-------- Data for review
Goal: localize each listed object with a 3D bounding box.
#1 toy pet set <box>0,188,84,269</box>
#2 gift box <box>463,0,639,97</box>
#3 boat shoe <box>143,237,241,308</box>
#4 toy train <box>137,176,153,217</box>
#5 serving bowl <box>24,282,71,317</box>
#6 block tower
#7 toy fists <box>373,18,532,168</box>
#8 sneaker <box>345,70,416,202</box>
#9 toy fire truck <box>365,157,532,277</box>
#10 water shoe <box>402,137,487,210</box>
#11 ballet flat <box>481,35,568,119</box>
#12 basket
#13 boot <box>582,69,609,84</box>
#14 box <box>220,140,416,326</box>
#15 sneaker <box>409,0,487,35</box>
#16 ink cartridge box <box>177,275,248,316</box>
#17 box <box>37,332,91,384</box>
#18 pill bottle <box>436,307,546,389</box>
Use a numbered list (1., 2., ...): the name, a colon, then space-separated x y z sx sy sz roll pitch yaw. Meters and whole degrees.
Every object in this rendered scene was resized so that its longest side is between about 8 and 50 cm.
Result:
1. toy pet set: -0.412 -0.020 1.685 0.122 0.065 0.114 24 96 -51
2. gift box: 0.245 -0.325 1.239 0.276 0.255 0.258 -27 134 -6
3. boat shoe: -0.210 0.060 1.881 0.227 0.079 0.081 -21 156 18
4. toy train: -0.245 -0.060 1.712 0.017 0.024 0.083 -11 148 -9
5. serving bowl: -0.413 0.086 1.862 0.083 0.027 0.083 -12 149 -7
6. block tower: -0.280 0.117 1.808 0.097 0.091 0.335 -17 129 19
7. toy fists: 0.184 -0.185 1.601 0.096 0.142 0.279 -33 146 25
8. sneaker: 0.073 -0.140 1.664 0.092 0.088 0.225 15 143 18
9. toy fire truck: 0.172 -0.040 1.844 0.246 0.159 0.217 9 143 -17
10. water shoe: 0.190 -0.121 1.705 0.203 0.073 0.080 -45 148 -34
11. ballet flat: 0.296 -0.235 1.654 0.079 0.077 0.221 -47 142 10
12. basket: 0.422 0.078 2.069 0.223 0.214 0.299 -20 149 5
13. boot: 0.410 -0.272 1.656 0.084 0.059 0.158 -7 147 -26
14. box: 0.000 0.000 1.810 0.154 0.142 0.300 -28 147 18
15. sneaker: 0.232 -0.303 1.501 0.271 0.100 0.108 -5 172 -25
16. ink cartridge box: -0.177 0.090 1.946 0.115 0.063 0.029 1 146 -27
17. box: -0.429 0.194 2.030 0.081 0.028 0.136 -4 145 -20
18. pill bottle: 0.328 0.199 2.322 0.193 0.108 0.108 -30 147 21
----------------
-------- Data for review
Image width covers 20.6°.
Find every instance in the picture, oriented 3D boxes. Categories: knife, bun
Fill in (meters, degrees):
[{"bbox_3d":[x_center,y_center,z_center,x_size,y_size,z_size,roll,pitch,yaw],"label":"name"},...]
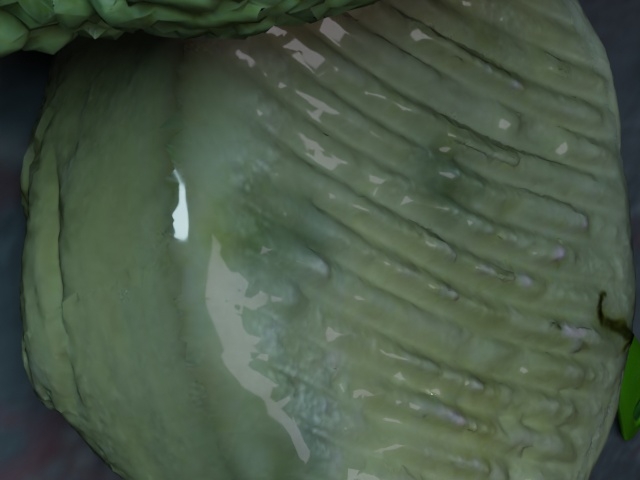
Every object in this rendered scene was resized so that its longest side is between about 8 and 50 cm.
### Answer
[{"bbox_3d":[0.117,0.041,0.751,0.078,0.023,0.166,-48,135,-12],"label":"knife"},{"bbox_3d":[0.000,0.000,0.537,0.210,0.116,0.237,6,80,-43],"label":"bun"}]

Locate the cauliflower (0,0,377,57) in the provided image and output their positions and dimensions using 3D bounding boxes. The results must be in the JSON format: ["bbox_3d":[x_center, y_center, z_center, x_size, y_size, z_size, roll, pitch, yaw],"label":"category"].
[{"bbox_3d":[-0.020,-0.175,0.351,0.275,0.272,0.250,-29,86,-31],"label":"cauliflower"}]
----------------
■ **The problem**
Copy all the lines from the data above that hold the word "name".

■ **Result**
Use a numbered list (1., 2., ...): the name, a colon, then space-separated x y z sx sy sz roll pitch yaw. Meters and whole degrees.
[{"bbox_3d":[x_center,y_center,z_center,x_size,y_size,z_size,roll,pitch,yaw],"label":"name"},...]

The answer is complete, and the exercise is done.